> [Description of the task] Stop after the line holding "Convert formula to". Repeat exactly every line before it in the records below, that line too, and leave out the pictures.
--- Records for the exercise Enclosed Below ---
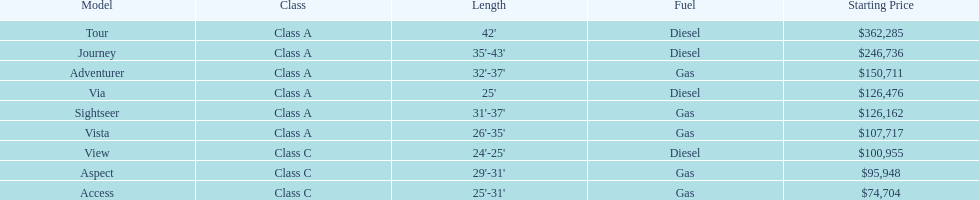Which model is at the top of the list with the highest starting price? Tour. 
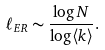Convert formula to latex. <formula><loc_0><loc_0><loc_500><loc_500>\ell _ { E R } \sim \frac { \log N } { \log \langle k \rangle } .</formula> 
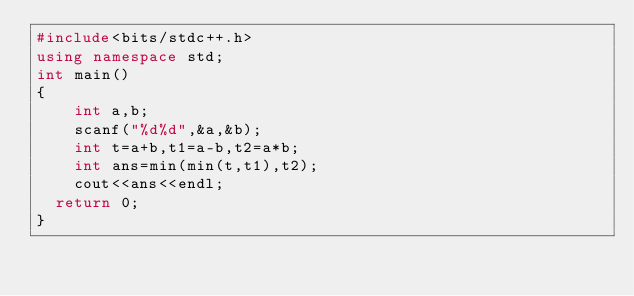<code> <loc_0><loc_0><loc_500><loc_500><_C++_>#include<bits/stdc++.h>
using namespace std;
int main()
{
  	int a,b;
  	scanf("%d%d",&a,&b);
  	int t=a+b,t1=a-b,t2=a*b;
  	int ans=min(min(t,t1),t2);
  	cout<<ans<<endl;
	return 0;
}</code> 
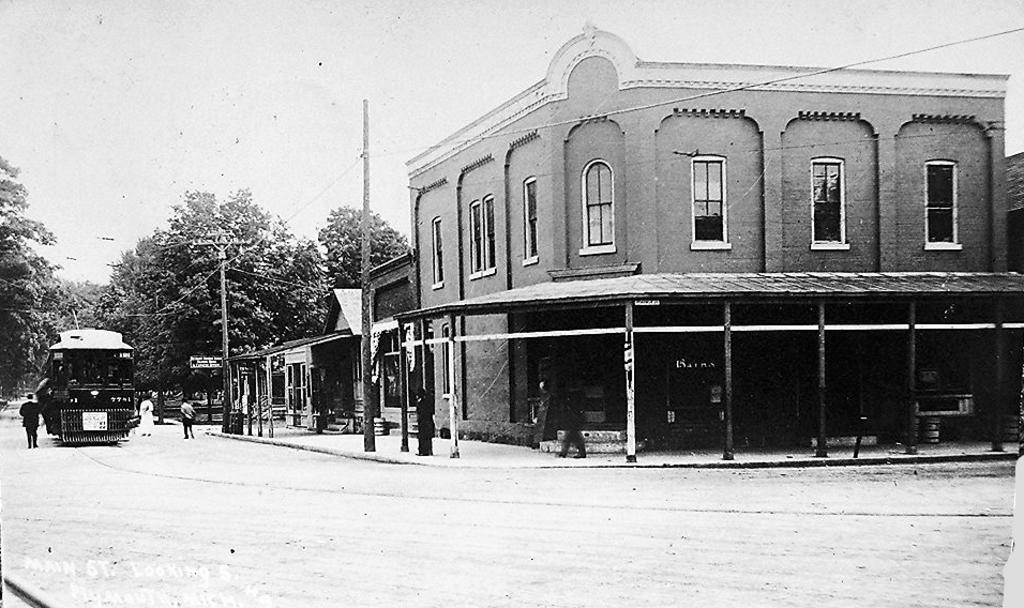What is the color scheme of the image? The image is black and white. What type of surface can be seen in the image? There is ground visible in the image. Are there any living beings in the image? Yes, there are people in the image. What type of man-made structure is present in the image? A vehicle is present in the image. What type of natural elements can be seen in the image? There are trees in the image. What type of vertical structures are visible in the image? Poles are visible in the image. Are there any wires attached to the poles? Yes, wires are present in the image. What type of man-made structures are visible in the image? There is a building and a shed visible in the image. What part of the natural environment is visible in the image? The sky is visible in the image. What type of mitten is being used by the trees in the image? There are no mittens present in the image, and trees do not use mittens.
--- End of Enclosed Records for the exercise ---
> [Answer to this exercise]
Which model is at the top of the list with the highest starting price? Tour. 
Convert formula to latex. <formula><loc_0><loc_0><loc_500><loc_500>\ell _ { E R } \sim \frac { \log N } { \log \langle k \rangle } .</formula> 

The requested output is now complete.